A southern Utah environmental group is suing the U.S. Department of Interior and Bureau of Land Management over its leasing public lands with plentiful remainders of ancient civilization for oil and gas development, and is asking the court to vacate the lease sales.

The Southern Utah Wilderness Alliance, or SUWA, alleges the departments didn’t properly analyze how leasing the land for oil and gas development in an area of southern Utah, known as the Alkali Ridge, could affect the cultural relics left behind there, including cliff dwellings, pueblos, kivas, petroglyph and pictographs and sites American Indian tribes consider sacred, according to the lawsuit.

The group says the leases are located in “one of the most culturally and archaeologically rich regions of the United States.”

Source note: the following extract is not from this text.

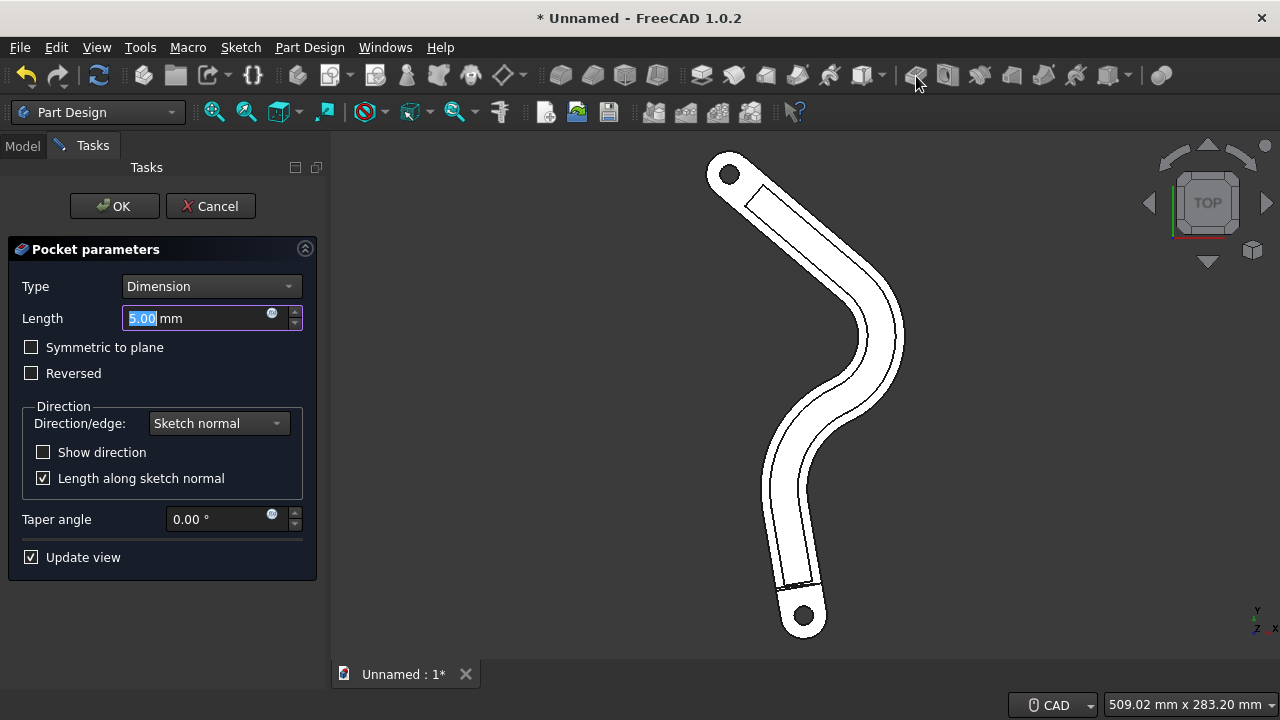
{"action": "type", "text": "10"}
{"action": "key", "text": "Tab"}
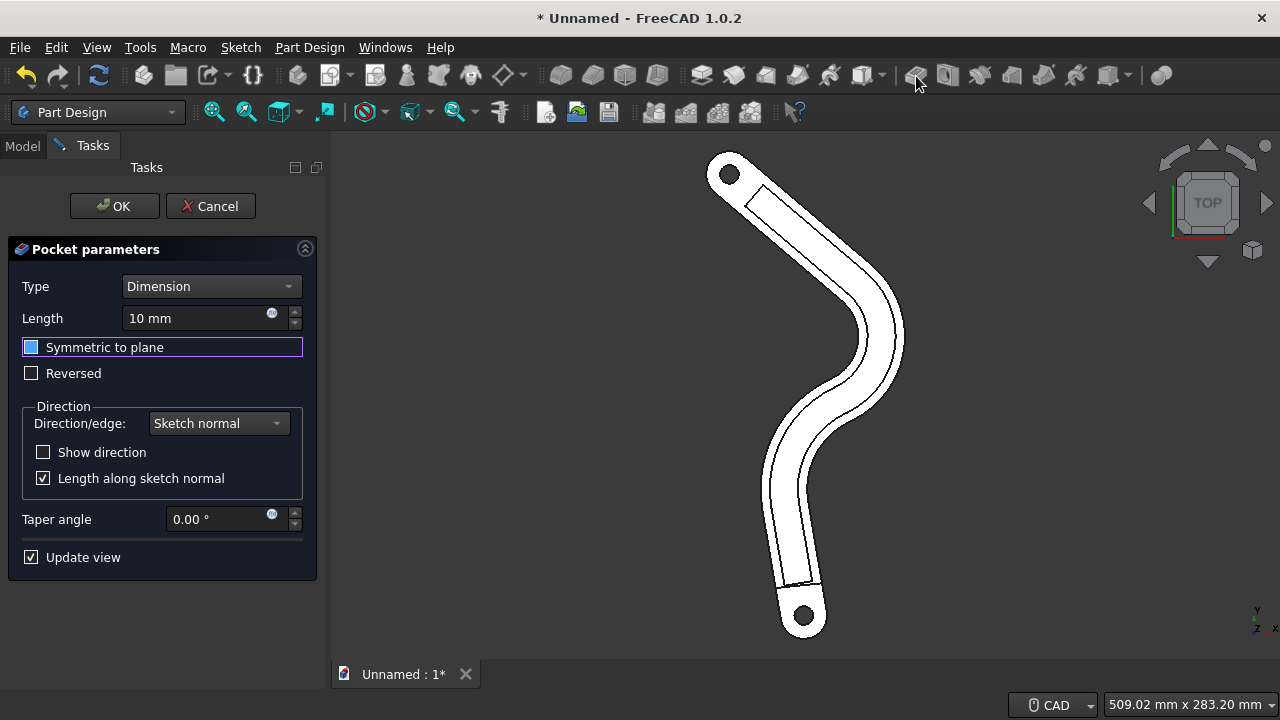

The lawsuit, filed Friday in Utah’s U.S. District Court, deals with 35 parcels of lands leased by the BLM in two sales in March and December 2018, covering 34,508 acres near the Bears Ears, Canyons of the Ancients and Hovenweep national monuments. The BLM planned a third sale in the area for March, but canceled it.

The lawsuit alleges that thorough testing on the impacts of oil and gas development was not done because the BLM wanted to align with President Donald Trump’s “'energy dominance agenda.” It also says the group eliminated public feedback on leasing decisions and sought to get rid of any “'burden[s]' on oil and gas leasing and development.”

The National Park Service raised concerns about the BLM’s leasing proposal for the lands, saying they didn’t analyze the impacts of oil and gas exploration on groundwater, in addition to the potential for earthquakes caused by hydraulic fracturing — an oil and gas extracting technique using high-pressure mixtures of water, sand or gravel and chemicals that is generally known as fracking — and its wastewater byproduct, the lawsuit said.

It quotes the NPS as saying that even slight tremors caused by such earthquakes could threaten prehistoric structures at the Hovenweep National Monument.

SUWA also had concerns and filed a protest against the March 2018 lease sale. BLM denied the protest.

The lawsuit, which also names recently confirmed Interior Secretary David Bernhardt and BLM’s deputy state director for lands and minerals, alleges violations of the National Environmental Policy and Federal Land Policy and Management acts.

In addition to asking the court to vacate all lease sales, the lawsuit also argues that the defendants shouldn’t be able to approve or take any actions on applications to drill on these leases until they comply with the National Environmental Policy and Federal Land Policy and Management acts.

Friends of Cedar Mesa, a Utah ecological group, is also suing to invalidate lease sales in the area.